Teacher and Student Experiences in Online Classes During COVID-19 Pandemic in Serbia, Bosnia and Herzegovina and Croatia
Amila Dautbasic, Senad Becirovic

TL;DR
This study examines the experiences of teachers and students with online education during the COVID-19 pandemic in Serbia, Bosnia and Herzegovina, and Croatia, highlighting challenges and adaptations in these countries.
Contribution
It provides a comparative analysis of how these countries adapted to online teaching during the pandemic and discusses the implications for future educational practices.
Findings
Online teaching was rapidly adopted due to COVID-19.
Teachers and students faced significant challenges with digital transition.
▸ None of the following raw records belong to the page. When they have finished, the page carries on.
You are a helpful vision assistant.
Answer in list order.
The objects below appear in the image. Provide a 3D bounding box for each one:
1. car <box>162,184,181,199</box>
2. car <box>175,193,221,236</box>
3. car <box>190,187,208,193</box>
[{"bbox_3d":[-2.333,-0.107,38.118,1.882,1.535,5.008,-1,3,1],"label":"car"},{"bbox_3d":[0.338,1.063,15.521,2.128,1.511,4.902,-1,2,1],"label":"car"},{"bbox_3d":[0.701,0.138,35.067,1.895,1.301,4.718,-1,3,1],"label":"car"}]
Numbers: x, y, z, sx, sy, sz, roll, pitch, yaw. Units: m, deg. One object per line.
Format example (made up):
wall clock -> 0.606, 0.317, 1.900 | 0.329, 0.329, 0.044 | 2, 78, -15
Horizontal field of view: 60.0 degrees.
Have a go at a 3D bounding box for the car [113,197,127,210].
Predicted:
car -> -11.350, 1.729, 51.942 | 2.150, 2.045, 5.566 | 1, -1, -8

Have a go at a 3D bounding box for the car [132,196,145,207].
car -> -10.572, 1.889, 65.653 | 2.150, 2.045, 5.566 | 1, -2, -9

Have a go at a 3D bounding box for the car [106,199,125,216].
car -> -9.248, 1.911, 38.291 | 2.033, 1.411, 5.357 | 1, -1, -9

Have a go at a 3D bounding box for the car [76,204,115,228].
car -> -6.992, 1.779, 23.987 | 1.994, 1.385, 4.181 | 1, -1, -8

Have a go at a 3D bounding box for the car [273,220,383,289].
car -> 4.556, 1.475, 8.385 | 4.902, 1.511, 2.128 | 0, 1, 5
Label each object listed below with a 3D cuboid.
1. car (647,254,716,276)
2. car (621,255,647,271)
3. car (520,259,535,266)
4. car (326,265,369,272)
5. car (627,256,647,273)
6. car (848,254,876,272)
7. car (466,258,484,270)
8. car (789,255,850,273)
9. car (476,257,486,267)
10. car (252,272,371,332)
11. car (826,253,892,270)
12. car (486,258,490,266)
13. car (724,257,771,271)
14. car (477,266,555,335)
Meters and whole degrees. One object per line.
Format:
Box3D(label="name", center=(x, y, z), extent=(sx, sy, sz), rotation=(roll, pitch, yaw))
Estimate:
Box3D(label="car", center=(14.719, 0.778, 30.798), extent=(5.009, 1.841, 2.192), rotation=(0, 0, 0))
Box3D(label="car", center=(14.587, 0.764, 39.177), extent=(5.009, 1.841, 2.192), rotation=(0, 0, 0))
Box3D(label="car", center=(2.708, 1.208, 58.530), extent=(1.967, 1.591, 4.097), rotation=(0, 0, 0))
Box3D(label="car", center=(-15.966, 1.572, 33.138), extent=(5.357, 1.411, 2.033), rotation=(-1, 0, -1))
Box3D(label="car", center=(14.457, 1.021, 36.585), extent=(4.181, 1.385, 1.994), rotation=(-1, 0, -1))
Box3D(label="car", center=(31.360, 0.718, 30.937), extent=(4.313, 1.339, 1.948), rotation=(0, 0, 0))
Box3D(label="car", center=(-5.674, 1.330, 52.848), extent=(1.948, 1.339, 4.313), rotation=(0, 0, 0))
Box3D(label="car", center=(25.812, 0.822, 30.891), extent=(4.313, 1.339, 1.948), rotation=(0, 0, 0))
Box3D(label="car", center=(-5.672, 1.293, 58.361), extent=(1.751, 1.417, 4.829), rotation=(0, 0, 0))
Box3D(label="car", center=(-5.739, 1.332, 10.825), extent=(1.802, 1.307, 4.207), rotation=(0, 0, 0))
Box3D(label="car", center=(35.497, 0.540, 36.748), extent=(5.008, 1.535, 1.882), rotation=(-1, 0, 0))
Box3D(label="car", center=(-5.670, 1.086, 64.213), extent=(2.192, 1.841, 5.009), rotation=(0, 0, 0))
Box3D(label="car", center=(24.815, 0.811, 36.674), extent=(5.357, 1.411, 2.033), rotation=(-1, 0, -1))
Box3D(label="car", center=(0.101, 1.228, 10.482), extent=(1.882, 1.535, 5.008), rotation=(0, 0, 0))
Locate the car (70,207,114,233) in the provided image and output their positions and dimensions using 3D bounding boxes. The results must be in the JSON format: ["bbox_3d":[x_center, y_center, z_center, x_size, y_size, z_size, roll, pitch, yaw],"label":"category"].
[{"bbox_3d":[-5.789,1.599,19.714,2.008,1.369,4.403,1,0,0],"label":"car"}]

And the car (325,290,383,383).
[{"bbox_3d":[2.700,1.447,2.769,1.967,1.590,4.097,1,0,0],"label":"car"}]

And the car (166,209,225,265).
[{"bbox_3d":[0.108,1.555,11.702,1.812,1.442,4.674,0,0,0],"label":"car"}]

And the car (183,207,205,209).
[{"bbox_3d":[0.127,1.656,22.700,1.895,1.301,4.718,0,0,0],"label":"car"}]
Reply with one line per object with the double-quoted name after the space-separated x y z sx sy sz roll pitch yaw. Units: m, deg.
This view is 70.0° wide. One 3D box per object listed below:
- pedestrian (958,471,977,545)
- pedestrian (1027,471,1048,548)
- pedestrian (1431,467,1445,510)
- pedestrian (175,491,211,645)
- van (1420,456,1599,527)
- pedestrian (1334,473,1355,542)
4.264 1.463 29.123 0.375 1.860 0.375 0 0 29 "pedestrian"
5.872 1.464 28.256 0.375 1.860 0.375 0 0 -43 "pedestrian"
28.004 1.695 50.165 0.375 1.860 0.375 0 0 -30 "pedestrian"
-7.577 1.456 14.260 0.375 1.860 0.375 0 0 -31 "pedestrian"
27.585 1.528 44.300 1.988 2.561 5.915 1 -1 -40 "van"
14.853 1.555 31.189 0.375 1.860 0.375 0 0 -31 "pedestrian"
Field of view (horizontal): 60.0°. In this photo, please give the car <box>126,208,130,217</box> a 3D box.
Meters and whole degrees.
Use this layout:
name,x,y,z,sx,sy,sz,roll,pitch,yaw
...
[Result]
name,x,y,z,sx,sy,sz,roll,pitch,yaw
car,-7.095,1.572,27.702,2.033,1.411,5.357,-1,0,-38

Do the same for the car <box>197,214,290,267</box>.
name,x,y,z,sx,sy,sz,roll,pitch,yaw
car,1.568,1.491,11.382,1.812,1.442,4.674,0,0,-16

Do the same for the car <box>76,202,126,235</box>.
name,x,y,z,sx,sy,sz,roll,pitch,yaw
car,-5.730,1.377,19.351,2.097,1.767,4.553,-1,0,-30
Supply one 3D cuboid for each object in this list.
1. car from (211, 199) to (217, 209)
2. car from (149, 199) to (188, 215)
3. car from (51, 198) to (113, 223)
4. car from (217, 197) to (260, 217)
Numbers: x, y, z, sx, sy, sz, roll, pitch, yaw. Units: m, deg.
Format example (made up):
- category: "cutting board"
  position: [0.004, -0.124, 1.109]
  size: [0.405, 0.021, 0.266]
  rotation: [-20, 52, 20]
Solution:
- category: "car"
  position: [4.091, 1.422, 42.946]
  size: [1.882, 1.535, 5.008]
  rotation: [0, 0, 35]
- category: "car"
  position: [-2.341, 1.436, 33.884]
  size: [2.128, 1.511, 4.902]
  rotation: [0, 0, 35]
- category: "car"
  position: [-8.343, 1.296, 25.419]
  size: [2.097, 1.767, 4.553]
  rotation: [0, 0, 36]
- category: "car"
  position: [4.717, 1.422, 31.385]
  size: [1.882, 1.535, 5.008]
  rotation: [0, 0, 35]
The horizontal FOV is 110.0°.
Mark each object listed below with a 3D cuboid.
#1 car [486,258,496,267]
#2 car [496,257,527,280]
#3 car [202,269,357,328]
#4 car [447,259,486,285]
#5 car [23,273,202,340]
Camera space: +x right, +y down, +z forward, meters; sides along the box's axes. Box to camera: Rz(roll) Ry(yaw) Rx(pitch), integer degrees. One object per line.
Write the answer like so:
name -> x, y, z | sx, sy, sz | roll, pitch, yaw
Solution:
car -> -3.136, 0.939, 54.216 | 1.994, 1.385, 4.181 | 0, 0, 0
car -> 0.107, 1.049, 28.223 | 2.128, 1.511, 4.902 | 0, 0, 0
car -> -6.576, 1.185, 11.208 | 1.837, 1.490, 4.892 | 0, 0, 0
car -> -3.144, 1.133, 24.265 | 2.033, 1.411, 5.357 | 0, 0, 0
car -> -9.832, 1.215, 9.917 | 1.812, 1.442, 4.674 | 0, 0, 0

Effective online education requires new approaches beyond simple content transfer.
Abstract
In March 2020, the World Health Organization declared the COVID pandemic, which caused interruptions and delays in many activities, but most importantly, it led to some huge changes in education. Online teaching will prove to be the most commonly used method that should compensate for the inability to work in the classroom and allow the educational process to continue. Of course, this teaching method was not created in 2020, but it was only presented and implemented in Serbia, Bosnia and Herzegovina and Croatia with the beginning of the pandemic. In this paper, we see how these countries have faced abrupt changes in teaching, and how this change has affected students. Online teaching cannot be a mere transfer of analog content to digital; a different approach is needed in the implementation of teaching as required and offered by the digital medium, but at the same time it is necessary…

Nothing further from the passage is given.